Synthmantic LiDAR: A Synthetic Dataset for Semantic Segmentation on LiDAR Imaging

Synthmantic LiDAR is a synthetic dataset built using a modified version of the Carla simulator, designed to train and evaluate semantic segmentation models on LiDAR imaging, and set up to match the SemanticKITTI dataset. To achieve this, we included some new classes to the simulator, and also modified many classes that had inconsistent labels with the SemanticKITTI dataset. Some of the additional classes that were not supported by Carla were car,motorcycle, motorcyclist, bicycle, bicyclist and truck, which were previously grouped in the vehicle and person classes.
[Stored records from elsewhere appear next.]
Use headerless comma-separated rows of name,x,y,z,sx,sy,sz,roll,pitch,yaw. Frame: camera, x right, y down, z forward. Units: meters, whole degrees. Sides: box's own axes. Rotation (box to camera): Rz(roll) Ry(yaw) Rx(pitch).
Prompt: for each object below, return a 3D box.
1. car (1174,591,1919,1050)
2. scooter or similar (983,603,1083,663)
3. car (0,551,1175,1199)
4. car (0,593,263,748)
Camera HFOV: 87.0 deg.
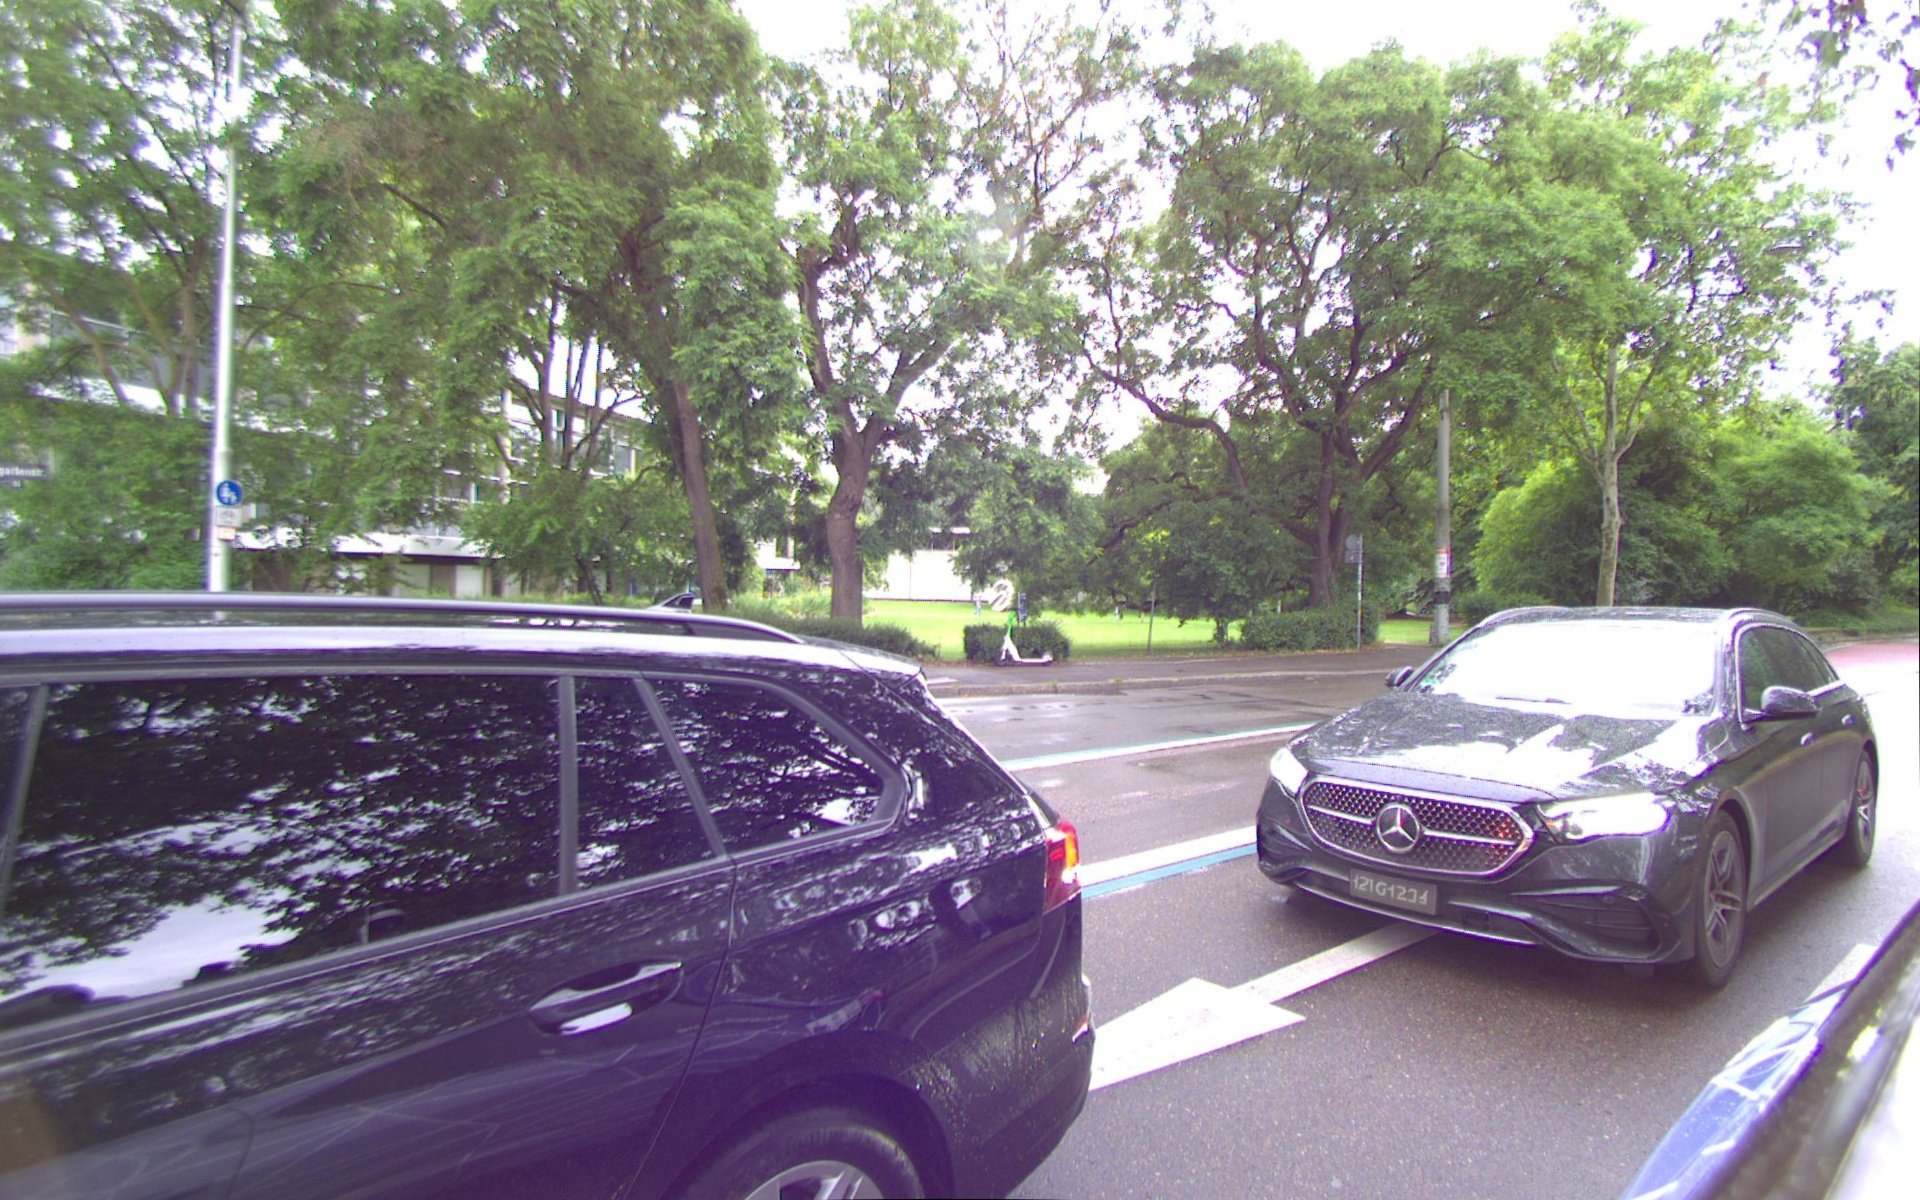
car,3.473,0.712,5.492,4.840,1.464,1.884,0,-1,-38
scooter or similar,1.448,0.653,19.979,1.851,1.114,0.559,2,2,-19
car,-1.722,0.679,1.413,4.434,1.484,1.672,1,0,-42
car,-9.939,0.665,10.315,4.311,1.468,1.872,1,0,-19
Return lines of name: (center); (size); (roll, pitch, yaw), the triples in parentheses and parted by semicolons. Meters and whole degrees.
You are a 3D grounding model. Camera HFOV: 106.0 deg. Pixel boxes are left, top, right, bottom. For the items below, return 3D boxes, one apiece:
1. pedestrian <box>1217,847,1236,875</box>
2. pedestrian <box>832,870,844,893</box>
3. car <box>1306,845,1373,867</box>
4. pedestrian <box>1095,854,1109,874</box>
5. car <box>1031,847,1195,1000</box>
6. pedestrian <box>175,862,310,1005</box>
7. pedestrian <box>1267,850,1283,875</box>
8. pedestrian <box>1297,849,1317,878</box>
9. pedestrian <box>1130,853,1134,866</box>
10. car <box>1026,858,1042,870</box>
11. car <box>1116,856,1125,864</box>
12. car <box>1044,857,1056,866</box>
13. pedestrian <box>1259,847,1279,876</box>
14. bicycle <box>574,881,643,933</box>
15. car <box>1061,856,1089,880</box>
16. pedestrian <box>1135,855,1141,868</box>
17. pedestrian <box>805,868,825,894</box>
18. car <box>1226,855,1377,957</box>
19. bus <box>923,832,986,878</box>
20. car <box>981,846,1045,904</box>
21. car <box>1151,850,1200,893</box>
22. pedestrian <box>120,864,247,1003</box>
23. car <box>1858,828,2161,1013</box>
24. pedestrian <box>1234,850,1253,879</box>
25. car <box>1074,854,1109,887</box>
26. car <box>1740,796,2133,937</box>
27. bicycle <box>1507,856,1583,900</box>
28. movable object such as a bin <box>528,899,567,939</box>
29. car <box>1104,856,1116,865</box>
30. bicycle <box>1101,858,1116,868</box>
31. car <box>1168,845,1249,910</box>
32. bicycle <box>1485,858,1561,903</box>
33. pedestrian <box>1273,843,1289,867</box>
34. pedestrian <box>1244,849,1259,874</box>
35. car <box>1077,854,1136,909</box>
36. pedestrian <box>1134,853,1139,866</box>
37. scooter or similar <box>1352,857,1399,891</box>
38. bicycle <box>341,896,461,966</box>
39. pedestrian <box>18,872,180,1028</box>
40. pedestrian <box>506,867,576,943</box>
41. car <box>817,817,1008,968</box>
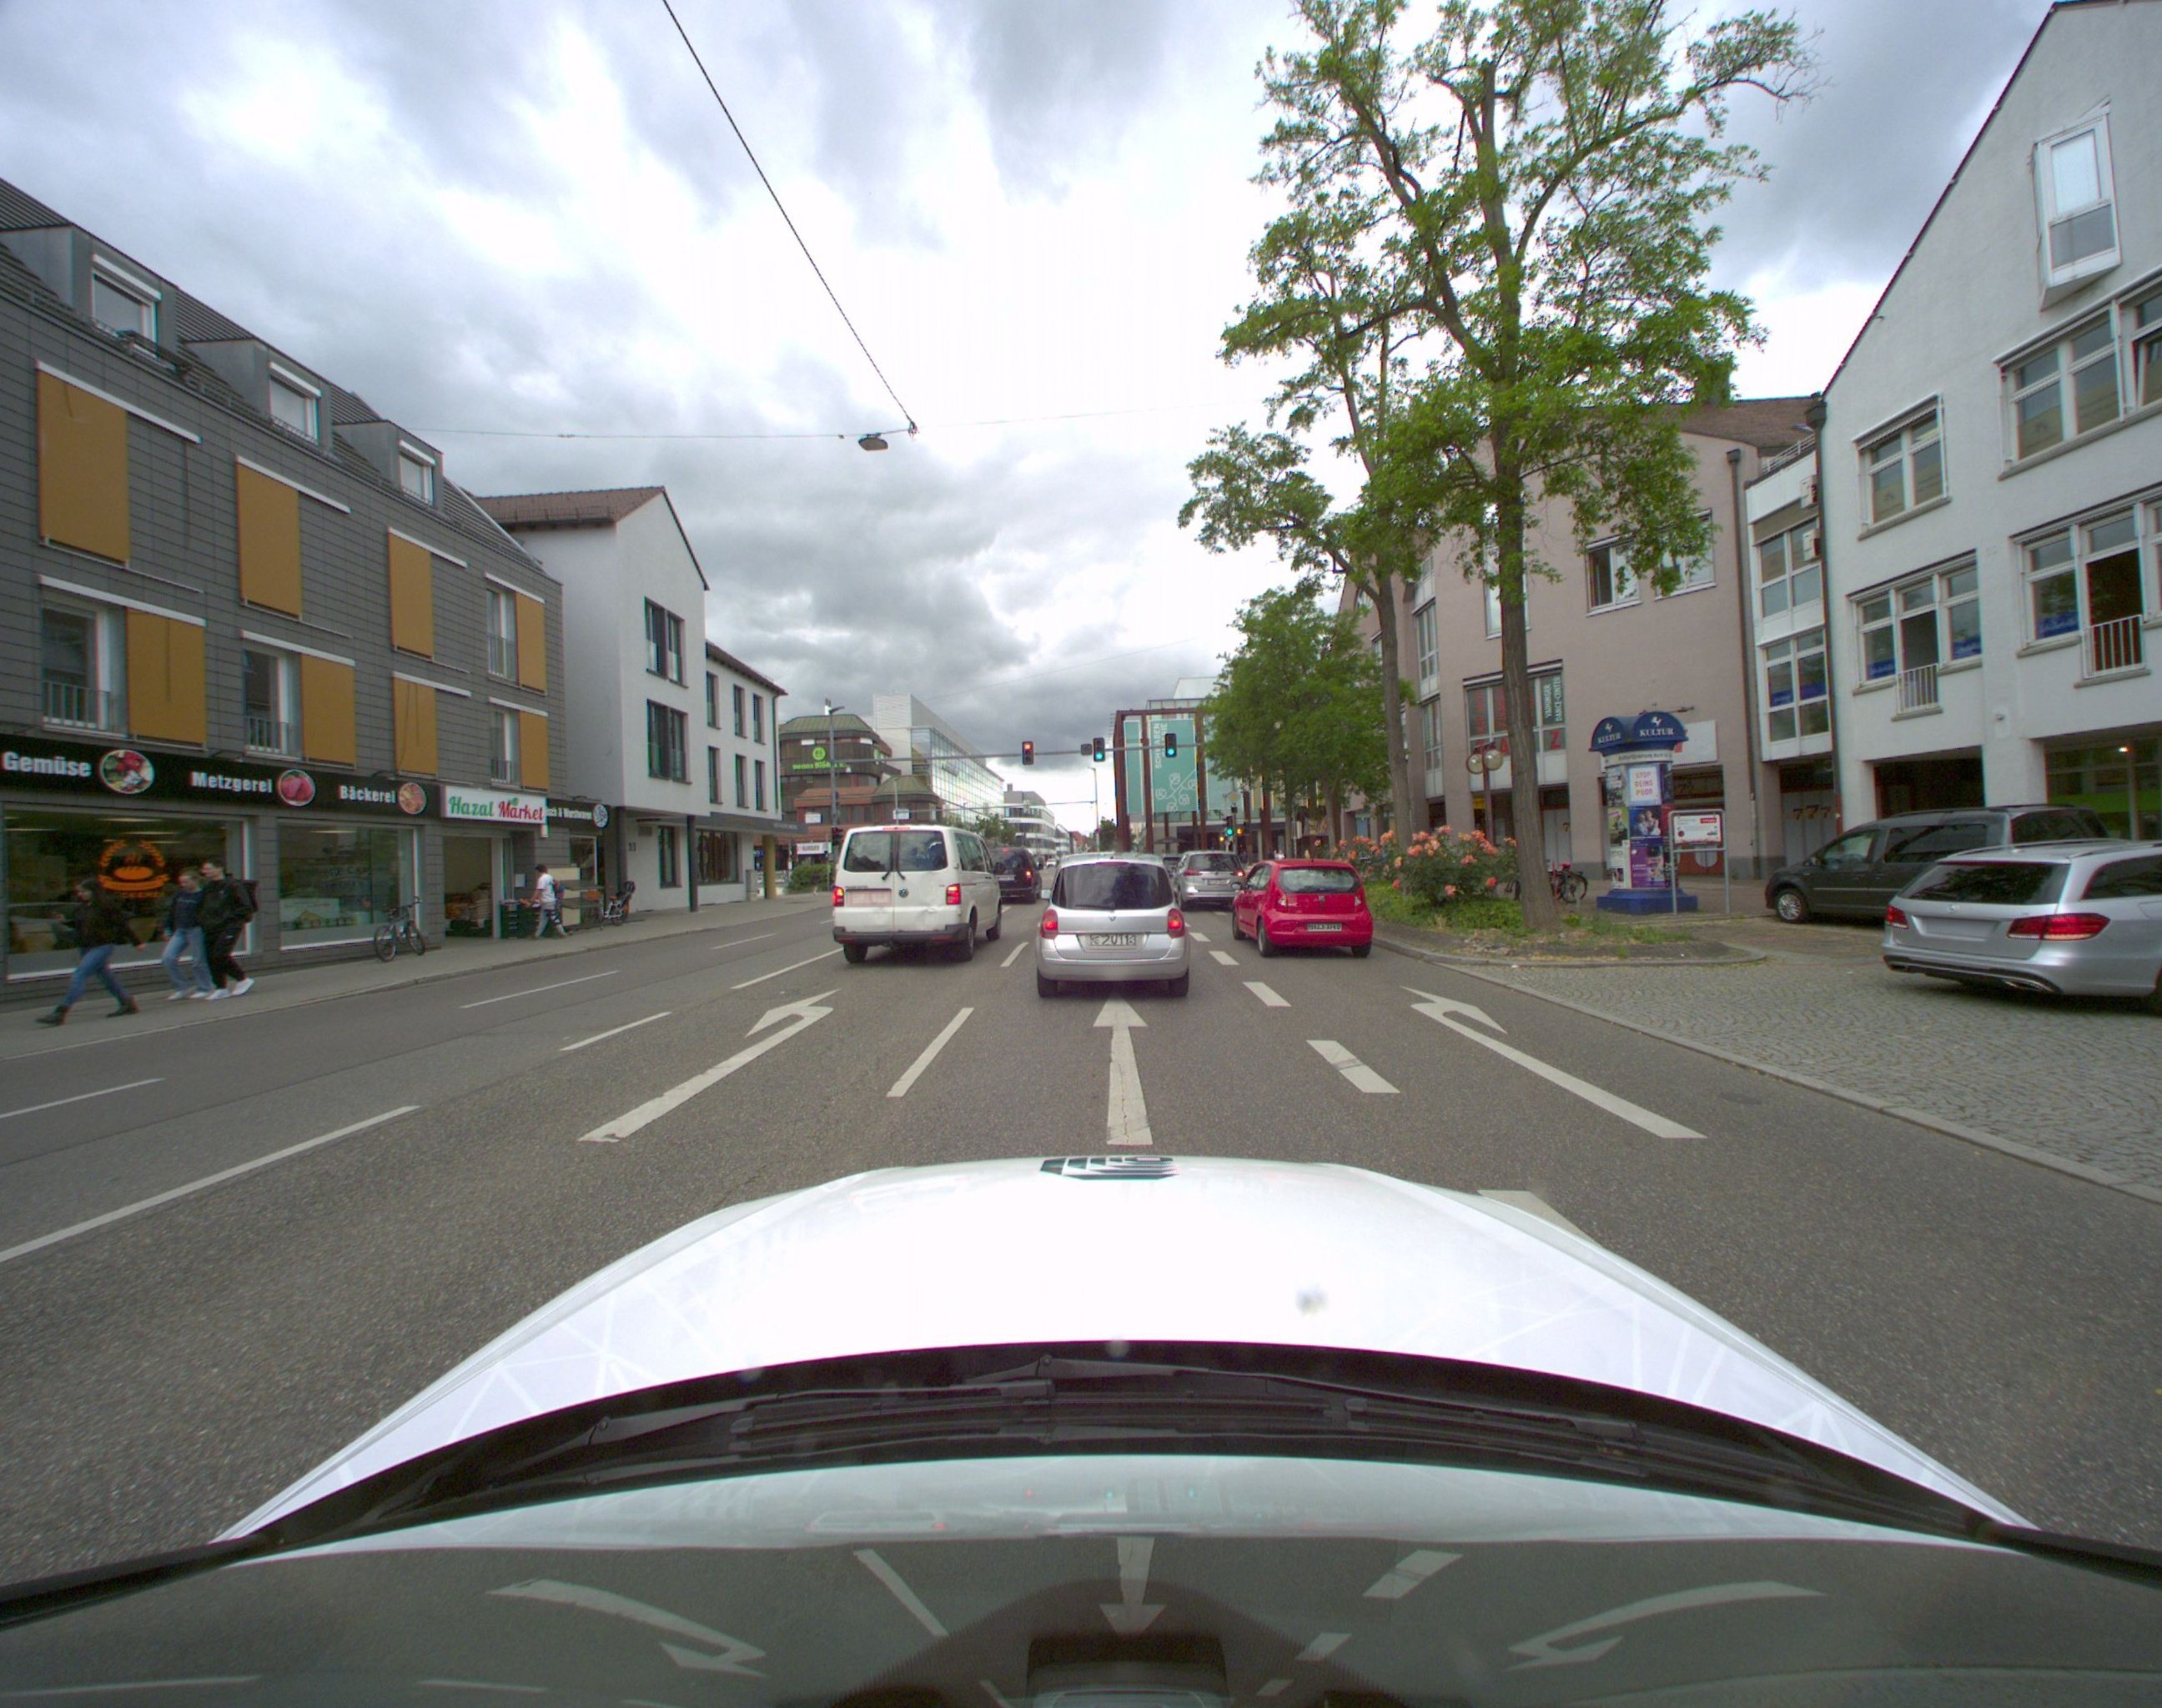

The dataset is composed of 8 sequences of 6,000 scans each from 7 unique maps, for a total of 48,000 scans, which is more than double the number of labeled scans in the SemanticKITTI train subset. We also define a smaller subset, SynthmanticLiDAR-LT composed from the first 2,000 scans from each sequence.

To validate our dataset we trained SqueezeSegV3 and Cylinder3D using a naive approach: pre-train on synthetic data and then train on real data. We found that the models trained on Synthmantic LiDAR outperformed the models trained on SemanticKITTI alone.

Method	car	bicycle	motorcycle	truck	other-vehicle	person	bicyclist	motorcyclist	road	parking	sidewalk	other-ground	building	fence	vegetation	trunk	terrain	pole	traffic-sign	mIoU
SPVCNN	95.7	47.7	49.5	47.2	48.3	64.1	66.7	48.2	88.5	57.7	70.7	23.2	90.1	63.9	84.5	67.7	69.0	53.1	62.1	63.0
SPVCNN-F	95.8	47.7	47.2	48.4	49.0	63.2	69.7	49.0	88.9	58.4	71.4	24.0	89.9	63.6	84.4	67.2	68.7	54.0	62.6	63.3
SPVCNN-LT	95.7	45.6	44.5	48.0	47.6	62.6	68.6	59.1	88.8	58.3	71.1	26.8	90.3	64.7	84.2	66.6	68.1	53.2	62.4	63.5

SSV3	81.4	16.0	25.3	3.7	13.3	34.0	33.1	13.5	88.8	52.8	68.4	21.9	76.1	43.3	75.6	44.1	59.9	30.3	30.6	42.7
SSV3-F	84.2	22.8	28.8	4.2	15.6	38.2	33.4	9.0	88.1	51.2	68.9	21.8	76.7	44.6	76.6	44.9	61.9	31.0	35.3	44.1
SSV3-LT	84.4	20.7	26.8	6.2	17.1	35.5	32.4	19.7	87.9	52.2	68.6	19.9	77.5	45.2	76.1	42.0	62.6	31.7	33.8	44.2

Best

Second Best

We hope that this it will be useful for the community to develop new models and domain adaptation techniques for semantic segmentation in LiDAR image. Our work was accepted into the 2024 International Conference on Image Processing (ICIP).